Le mythe de la smart city

Depuis quelques années, le concept de smart city ou ville intelligente s’est fortement popularisé dans différentes sphères de la société (médias, académique, politique, etc.). Il semble faire consensus dans le champ politique, autant à droite qu’à gauche. Mais que recouvre ce concept ? La smart city fait-elle réellement partie intégrante des solutions vers un avenir plus durable ?

Qu’est-ce qu’une smart city ?

L’idée date des années 80, 90 et provient initialement du secteur privé. A cette époque, les grandes multinationales des NTIC [1] (IBM, Cisco Systems, etc.) sont à la recherche de nouveaux marchés et l’idée émerge qu’une ville deviendrait plus facile à gérer grâce aux nouvelles technologies numériques. On situe un moment de bascule vers 2005, moment où l’expression « smart city » est utilisée par Bill Gates, patron de Microsoft, aux Etats-Unis. Il lance le défi aux acteur·rice·s du numérique d’utiliser leur technologie pour optimiser le fonctionnement d’une ville. Les intérêts privés et publics ne feront alors que croître.

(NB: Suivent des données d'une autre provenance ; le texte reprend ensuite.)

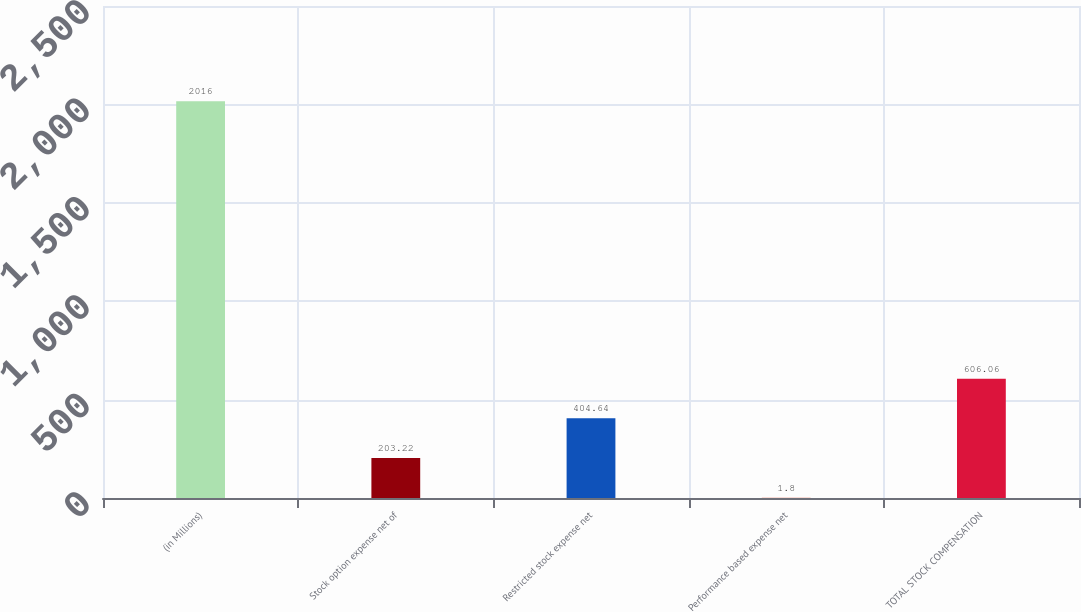Convert chart. <chart><loc_0><loc_0><loc_500><loc_500><bar_chart><fcel>(in Millions)<fcel>Stock option expense net of<fcel>Restricted stock expense net<fcel>Performance based expense net<fcel>TOTAL STOCK COMPENSATION<nl><fcel>2016<fcel>203.22<fcel>404.64<fcel>1.8<fcel>606.06<nl></chart>

Cette nouvelle tendance s’inscrit dans un contexte particulier. François Jarrige [2] l’explique par la situation que connaissent les villes, notamment celles des pays du Sud, au début du XXIe siècle. D’une part, celles-ci font face à une croissance démographique fulgurante. Depuis 2008, plus de la moitié de l’humanité vit en ville. Et en 2050, la planète compterait 6,4 milliards d’urbain·e·s, soit près des deux tiers de la population mondiale (sans rupture de système tels des conflits violents, pénuries, crise économique majeure, etc.). Cet accroissement représente un véritable défi pour les villes en termes de gestion et d’organisation. D’autre part, la ville est le lieu où se vivent de façon directe les crises sociales, environnementales, etc. du début du siècle. En tant que lieu de concentration des pouvoirs, la ville serait le théâtre de nombreux enjeux. La smart city correspondrait donc à la rencontre entre des intérêts privés en quête de nouveaux marchés et un moment de crise dans les villes en recherche de solutions.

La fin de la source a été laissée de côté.